[llvm] 2171103 - [OpenMP] Allow the Attributor to look at functions we also internalized
Johannes Doerfert via llvm-commits
llvm-commits at lists.llvm.org
Sun Sep 11 20:17:12 PDT 2022
Author: Johannes Doerfert
Date: 2022-09-11T20:16:11-07:00
New Revision: 21711039e3ab3fd9ed296cc2c07a011c09dd170b
URL: https://github.com/llvm/llvm-project/commit/21711039e3ab3fd9ed296cc2c07a011c09dd170b
DIFF: https://github.com/llvm/llvm-project/commit/21711039e3ab3fd9ed296cc2c07a011c09dd170b.diff
LOG: [OpenMP] Allow the Attributor to look at functions we also internalized
This is important as we have accesses to globals in those which we need to
categorize.
Added:
Modified:
llvm/include/llvm/Transforms/IPO/Attributor.h
llvm/lib/Transforms/IPO/AttributorAttributes.cpp
llvm/lib/Transforms/IPO/OpenMPOpt.cpp
llvm/test/Transforms/OpenMP/remove_globalization.ll
Removed:
################################################################################
diff --git a/llvm/include/llvm/Transforms/IPO/Attributor.h b/llvm/include/llvm/Transforms/IPO/Attributor.h
index 794e85f877bea..81459eda4cadb 100644
--- a/llvm/include/llvm/Transforms/IPO/Attributor.h
+++ b/llvm/include/llvm/Transforms/IPO/Attributor.h
@@ -1156,7 +1156,7 @@ struct InformationCache {
/// Check whether \p F is part of module slice.

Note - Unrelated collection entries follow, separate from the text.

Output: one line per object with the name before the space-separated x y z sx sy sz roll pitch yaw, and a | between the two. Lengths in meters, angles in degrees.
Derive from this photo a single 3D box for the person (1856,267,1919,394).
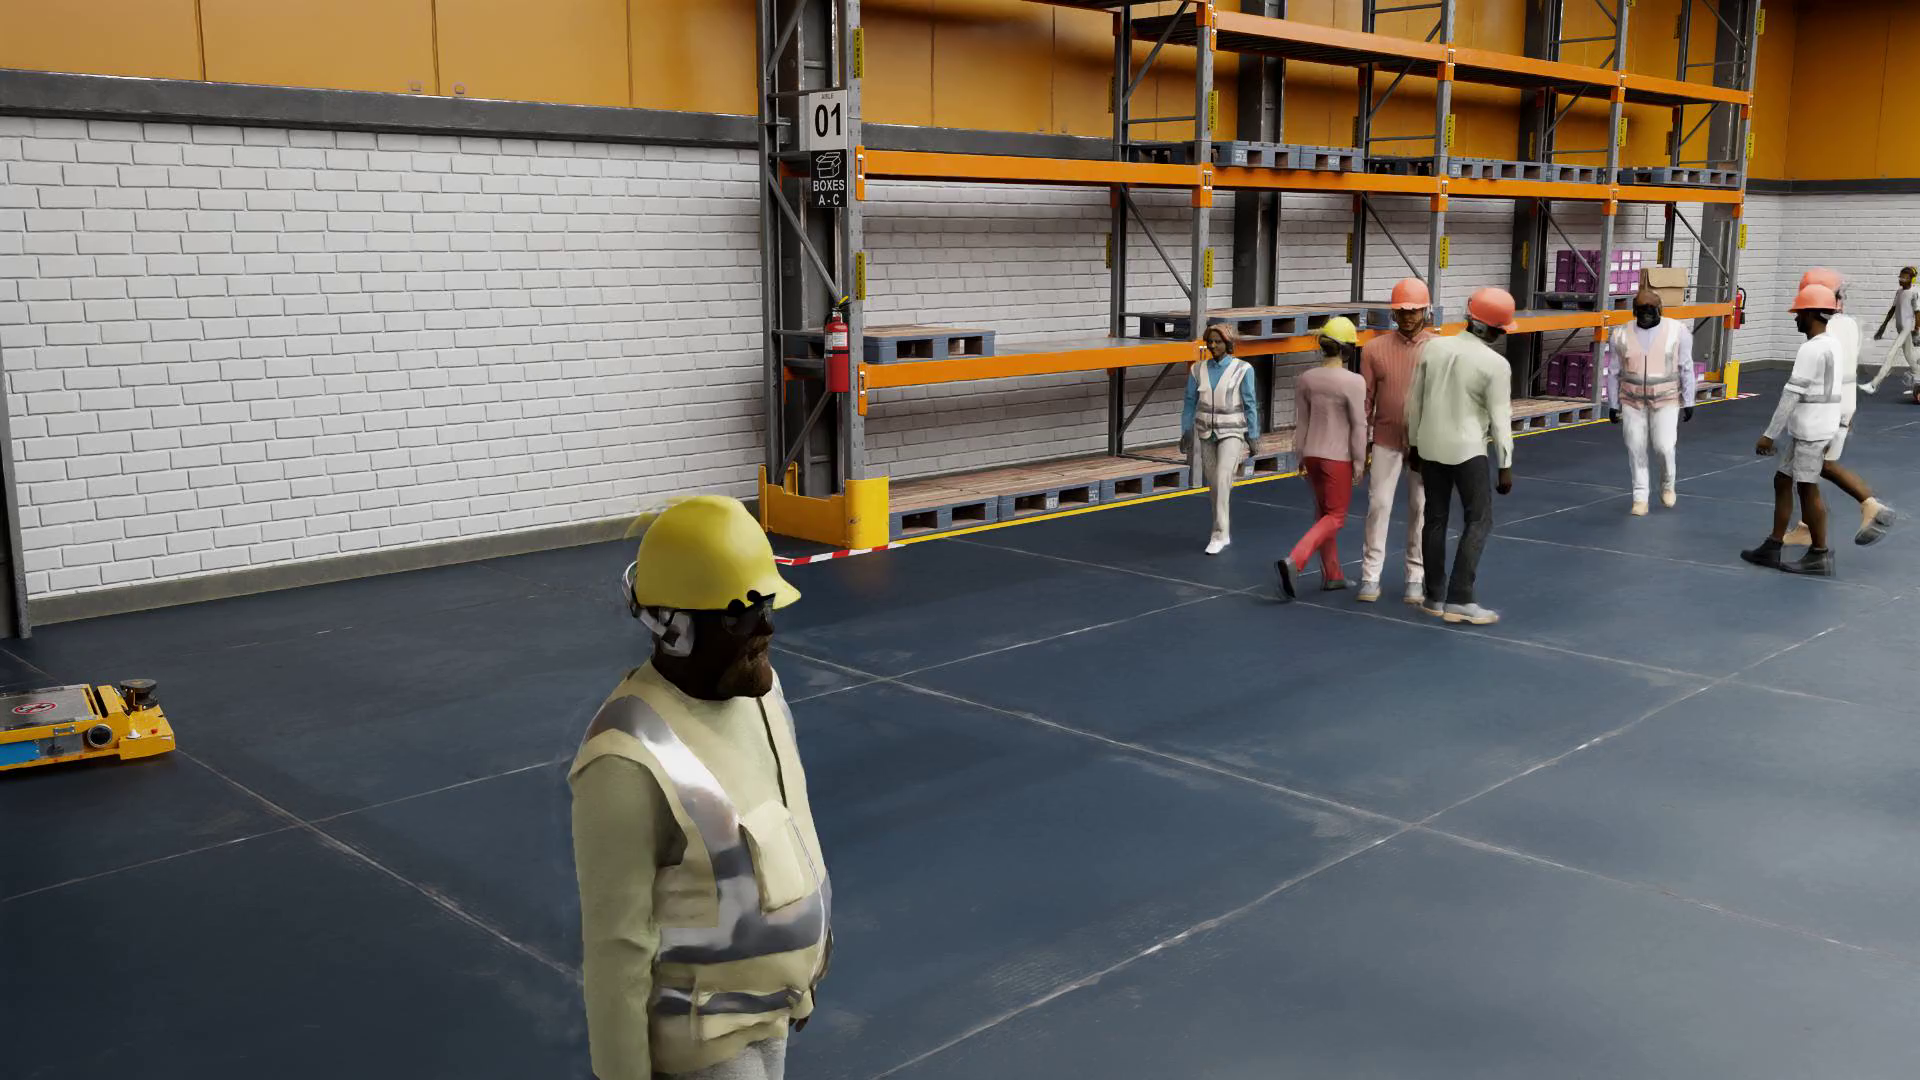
person | 13.201 -2.927 23.368 1.010 1.797 0.561 1 10 7

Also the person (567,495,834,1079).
person | -0.516 0.804 2.990 0.733 1.816 0.588 3 11 15

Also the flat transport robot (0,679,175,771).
flat transport robot | -4.149 0.833 7.029 1.431 0.197 0.652 -6 12 -31

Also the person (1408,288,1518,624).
person | 2.879 -0.480 9.646 0.414 1.944 0.713 -9 14 -40

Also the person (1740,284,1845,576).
person | 5.551 -0.723 11.030 0.624 1.913 0.581 8 13 36

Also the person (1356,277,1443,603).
person | 2.736 -0.601 10.165 0.639 1.987 0.420 3 11 18

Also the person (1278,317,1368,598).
person | 2.237 -0.503 10.293 0.727 1.748 0.535 -7 12 -33

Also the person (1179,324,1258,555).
person | 1.778 -0.703 11.707 0.547 1.613 0.648 8 13 38

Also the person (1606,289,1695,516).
person | 5.539 -1.101 13.374 0.665 1.818 0.496 7 12 32

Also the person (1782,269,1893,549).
person | 6.171 -0.895 11.685 0.640 2.015 0.726 -7 13 -35
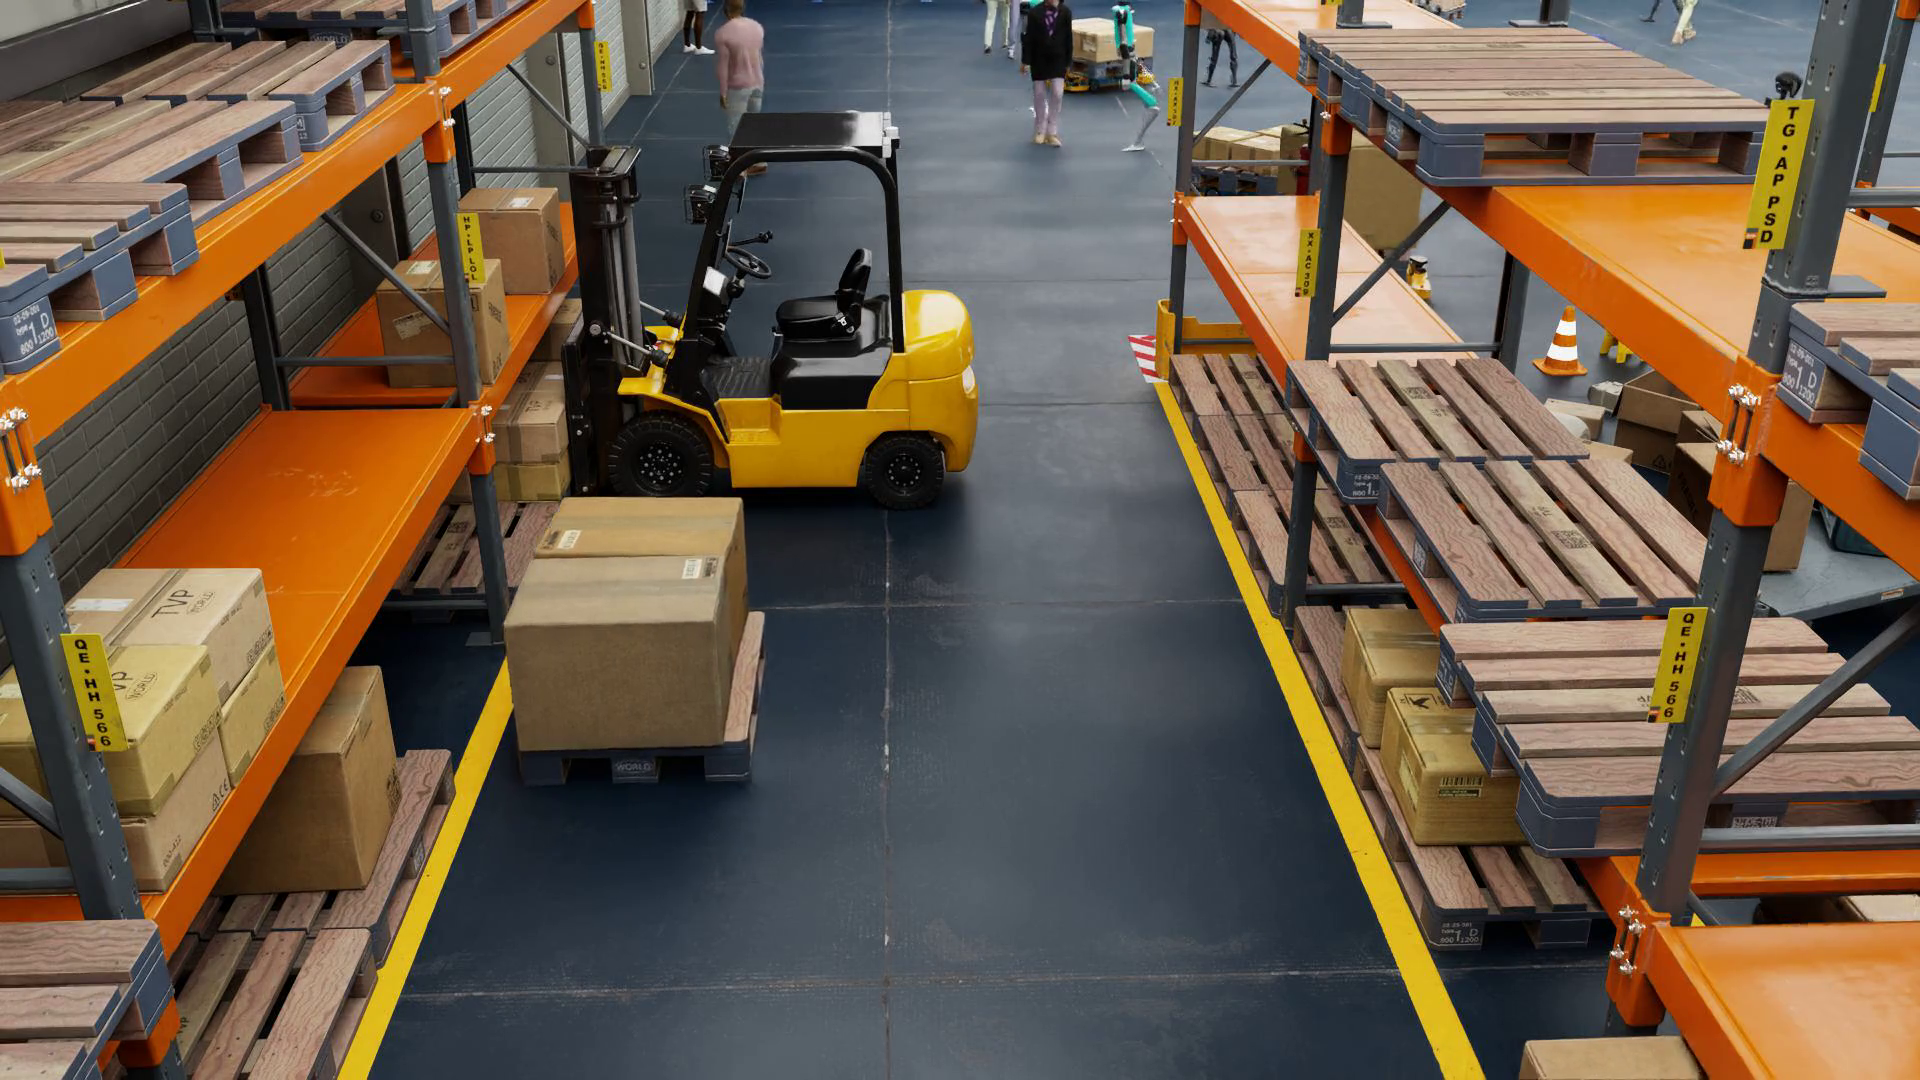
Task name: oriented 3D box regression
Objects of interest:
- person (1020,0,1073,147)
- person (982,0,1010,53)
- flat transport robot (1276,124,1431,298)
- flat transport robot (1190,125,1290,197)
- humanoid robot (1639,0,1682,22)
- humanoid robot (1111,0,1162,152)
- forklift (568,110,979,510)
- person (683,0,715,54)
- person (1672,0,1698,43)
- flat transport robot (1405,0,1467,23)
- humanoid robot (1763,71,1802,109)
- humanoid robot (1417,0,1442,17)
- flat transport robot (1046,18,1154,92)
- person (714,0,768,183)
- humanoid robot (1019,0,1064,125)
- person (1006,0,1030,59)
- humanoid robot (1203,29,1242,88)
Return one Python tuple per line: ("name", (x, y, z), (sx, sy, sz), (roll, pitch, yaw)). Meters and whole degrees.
("person", (0.978, -5.422, 18.955), (0.613, 1.839, 0.556), (1, 25, 3))
("person", (0.568, -8.245, 25.080), (0.572, 1.707, 0.889), (7, 26, 14))
("flat transport robot", (3.226, -2.249, 14.067), (1.431, 0.231, 0.659), (4, 26, 9))
("flat transport robot", (2.982, -3.530, 16.779), (1.431, 0.231, 0.659), (16, 30, 30))
("humanoid robot", (11.918, -9.496, 27.815), (0.761, 1.627, 0.608), (14, 29, 27))
("humanoid robot", (2.040, -5.255, 18.752), (0.706, 1.800, 0.571), (2, 25, 5))
("forklift", (-1.043, -1.379, 9.976), (2.313, 2.155, 1.214), (-1, 25, -2))
("person", (-3.950, -8.254, 24.902), (0.382, 1.886, 0.560), (-20, 32, -36))
("person", (11.448, -8.706, 25.909), (0.546, 1.839, 1.021), (21, 33, 38))
("flat transport robot", (7.446, -8.391, 27.073), (0.659, 0.231, 1.431), (16, 30, 31))
("humanoid robot", (7.021, -3.310, 14.670), (0.430, 1.639, 0.600), (5, 26, 10))
("humanoid robot", (5.610, -5.906, 20.164), (0.603, 1.654, 0.428), (-19, 31, -34))
("flat transport robot", (1.889, -6.309, 22.663), (1.431, 0.231, 0.659), (-16, 30, -30))
("person", (-2.280, -4.708, 17.356), (0.438, 1.914, 0.661), (20, 32, 37))
("humanoid robot", (0.978, -5.869, 20.046), (0.543, 1.747, 0.975), (0, 25, 1))
("person", (0.936, -8.039, 24.502), (0.560, 1.835, 0.405), (-3, 25, -7))
("humanoid robot", (3.562, -6.846, 22.183), (0.609, 1.624, 0.712), (-16, 30, -30))
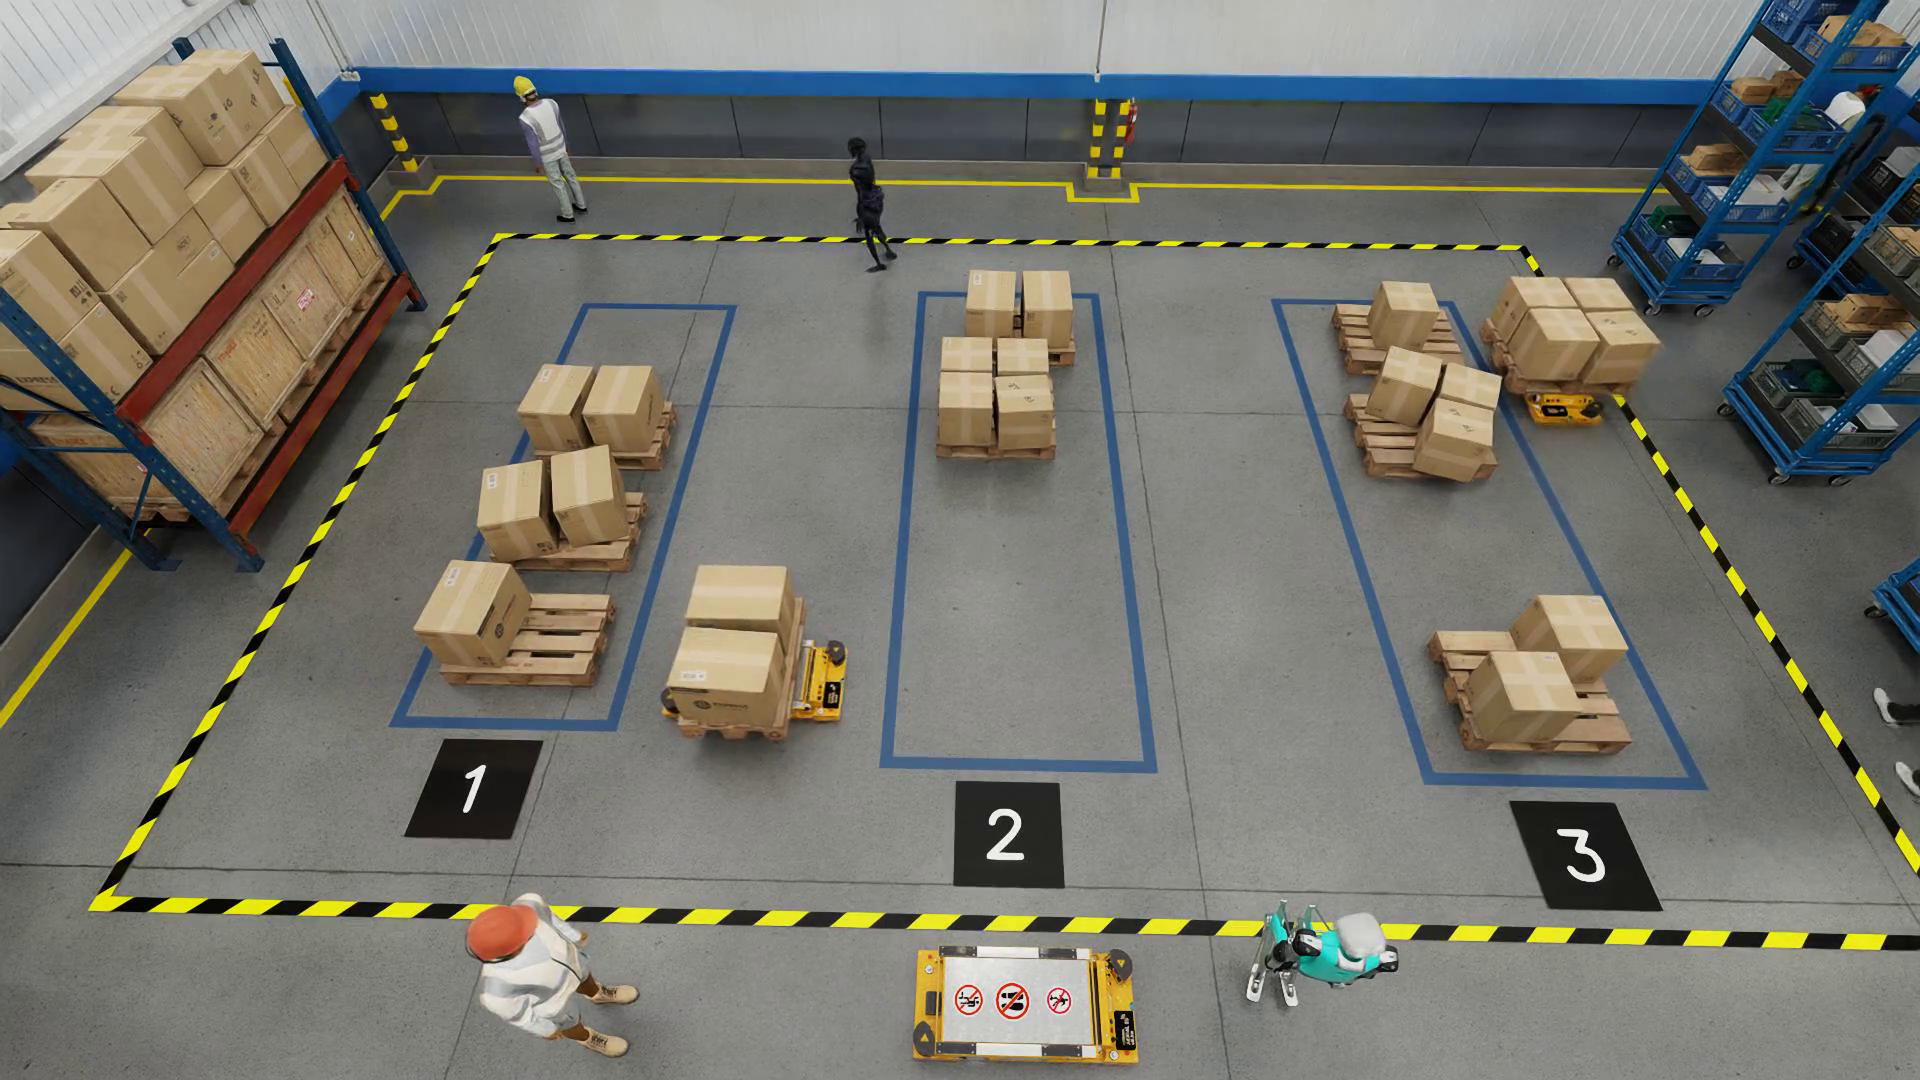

bool isInModuleSlice(const Function &F) {
- return ModuleSlice.count(const_cast<Function *>(&F));
+ return ModuleSlice.empty() || ModuleSlice.count(const_cast<Function *>(&F));
}
/// Return true if the stack (llvm::Alloca) can be accessed by other threads.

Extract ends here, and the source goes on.